Okay – what about a good life?

Increasing gratification through exercising signature strengths


The key practice for uncovering more gratuitous pastimes is knowing what your strengths are. So self-awareness comes in handy again. 

Pursuing gratifications begins with an honest assessment of your signature strengths. Before you freak out telling yourself you don’t have any, Seligman identifies 24 strengths – and you definitely, categorically have some. Again, I refer you to the Penn test center (it’s the link to the VIA Survey of Character Strengths).

We all have top strengths, and of those, a few signature strengths Click To Tweet

You will identify your top five strengths. Seligman believes that some of these will feel authentic to you, but one or two may not be the real you. He says that we each have several signature strengths that meet the additional criteria of generating a sense of ownership and authenticity when we display them, as well as excitement and a rapid learning curve when we first practice the strength. Here are the other characteristics he identifies:

  • a yearning to use the strength.
  • continuous learning of new ways to use it.
  • a feeling of inevitability in using the strength.
  • using it invigorates rather than tires you.
  • you create and pursuit personal projects built around its exercise.

After that, Seligman’s advice is simple:

Herein is my formulation for the good life: Using your signature strengths every day in the main realms of your life to bring abundant gratification and authentic happiness.
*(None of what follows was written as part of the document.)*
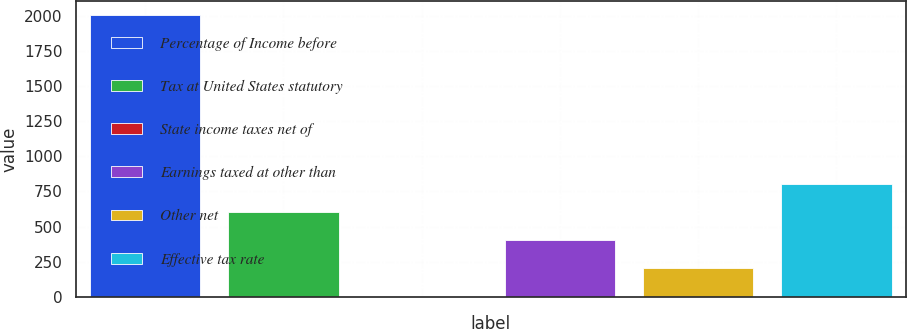<chart> <loc_0><loc_0><loc_500><loc_500><bar_chart><fcel>Percentage of Income before<fcel>Tax at United States statutory<fcel>State income taxes net of<fcel>Earnings taxed at other than<fcel>Other net<fcel>Effective tax rate<nl><fcel>2005<fcel>602.13<fcel>0.9<fcel>401.72<fcel>201.31<fcel>802.54<nl></chart>

Figure out how to use them in your life. 

Authentic Happiness ends with some advice on using those strengths in the mansions of your life. 

Summary – a strategy for lasting happiness


To build lasting and authentic happiness, the positive psychology way:

  1. Rewrite the past through gratitude and forgiveness. 
  2. Generate positive emotions about the future through learned optimism. 
  3. Increase present moment happiness by savoring pleasant experiences and pursuing gratification through the exercise of your strengths in your personal and working life.